Jumping onto a different platform

Fri, Jan 11, 2013, 00:00

   

Until now, Larry Mullen jnr has been perfectly happily on his rig, off in the distance of a 360-degree Willie Williams-designed platform. On tour, he rarely ventures forward except obscured by a djembe or bongos. He lives, as a drummer might, quietly and almost invisibly with Ann, his partner of some 30 years, and their three children, Aaron, Ava and Ezra.

“I’m absolutely rubbish at being a rock star,” he admits. “I’m one of the worst rock stars I know. I love being at home with my kids. There are no drugs. There’s not even a whole lot of rock’n’roll going on. I love going on the road for a short period of time. But I’m just not a rock’n’roll animal.” He’s happy down the back. He doesn’t crave any additional attention. “You know the term ‘Splash me, I’m here too’? I don’t need it that bad,” he insists.

He is, accordingly, probably the last member of U2 one expects to find in a movie. How on earth has he ended up in the title role of director Mary McGuckian’s Man on the Train, anyway?

“It was a bit of shock,” says Mullen, who had initially signed up for a bit part. “I had talked to Mary after working on the Electrical Storm video with Samantha Morton. I thought I’d like to try a cameo role or producing a film. That was actually something Bono said to me. He said, ‘If you’re going to do a movie, no matter how big or how small, get involved with the production. Then if you’re really crap you have some chance of covering your ass.’”

As it happened, McGuckian, who has previously directed Robert De Niro, Harvey Keitel, Kathy Bates, Jennifer Jason Leigh and an entire constellation of heavyweight thespians, had grander plans for the budding actor.

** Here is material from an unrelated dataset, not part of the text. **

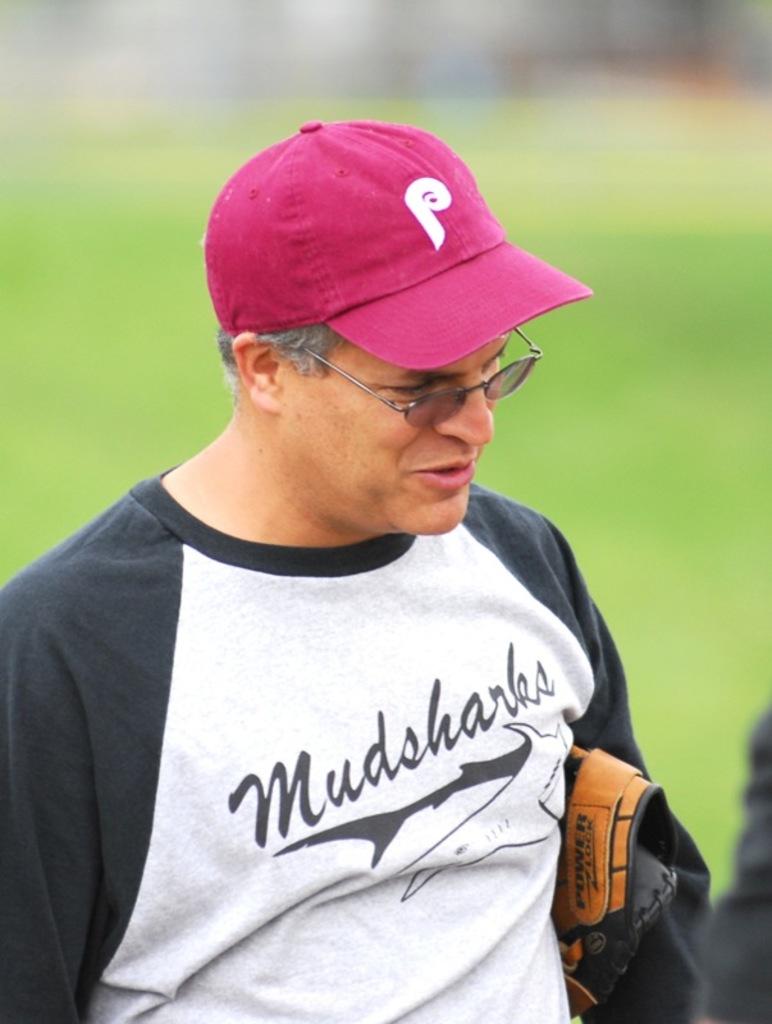What letter is on his hat?
Keep it short and to the point. P. 
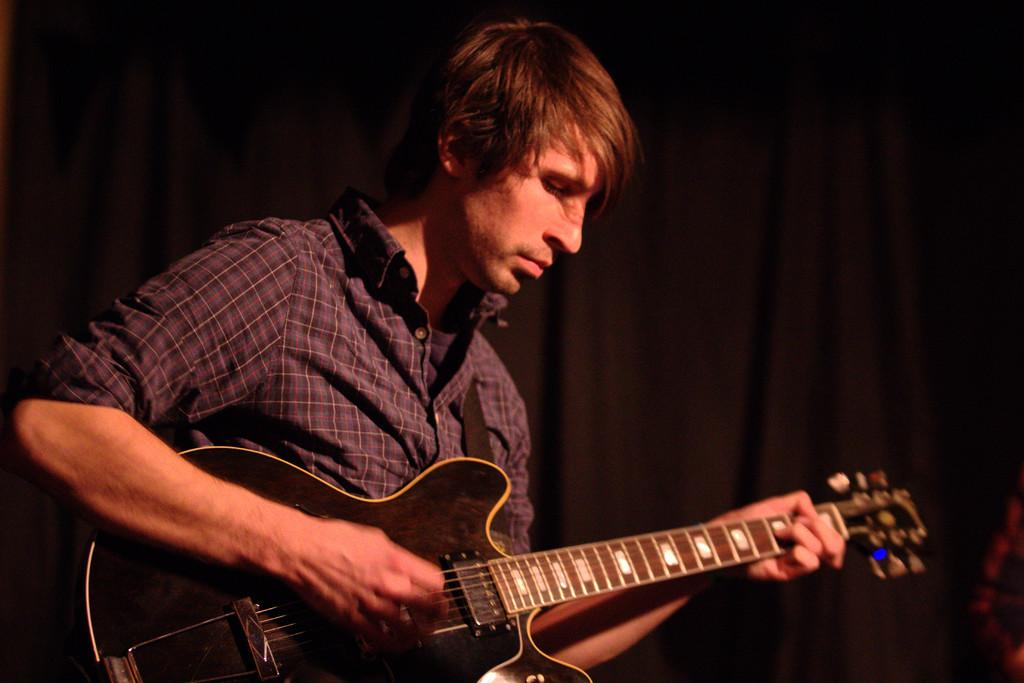What is the main subject of the image? There is a person in the image. What is the person doing in the image? The person is sitting and playing a guitar. What can be observed about the background of the image? The background of the image is black in color. How many books are visible on the border of the image? There are no books present in the image, and there is no border visible.

“We were a couple a weeks in when she told me I was the man on the train,” recalls Mullen. “So I turned up and my first day was performing with Donald Sutherland. I’m supposed to be teaching him how to shoot in the scene. And I’ve got my arms around trying to stop myself from thinking, ‘This is the guy that did Klute and Don’t Look Now.’ That was jumping in the deep end.”

McGuckian’s remake of Patrice Leconte’s 2002 drama L’Homme du Train, features an unlikely week-long bromance between a retired poetry lecturer (Sutherland) and an enigmatic drifter (Mullen, in a role once occupied by French pop legend Johnny Hallyday). Both men are counting down the days until the following Saturday when one faces surgery and the other is planning to rob a bank.

It can’t have been easy trying to maintain a cool, Zen facade across from one of the most expressive faces in the movieverse, surely?

“No it wasn’t,” says Mullen. “Donald actually talks about his face and what he can do with it. I think it says a lot about him that he was prepared to do a movie with me. He’d take me aside and tell me to speed up sometimes. Or he’d lean in like your dad might and have a word. It can’t have been easy for him. It must have been like working with a bassist when they only know two notes.”

Mullen is characteristically self-effacing about his breakthrough role, though he’s thrilled to have the film – replete with his contributions to the score – finally in the can.

“This is one of the scariest things I’ve done artistically,” he says. “When I looked at the rushes I thought ‘well, it’s a little embarrassing in places but I’ve seen it through and I didn’t do that badly. It’s not embarrassing all the time.’ And if that’s all that they say I’ll be happy.”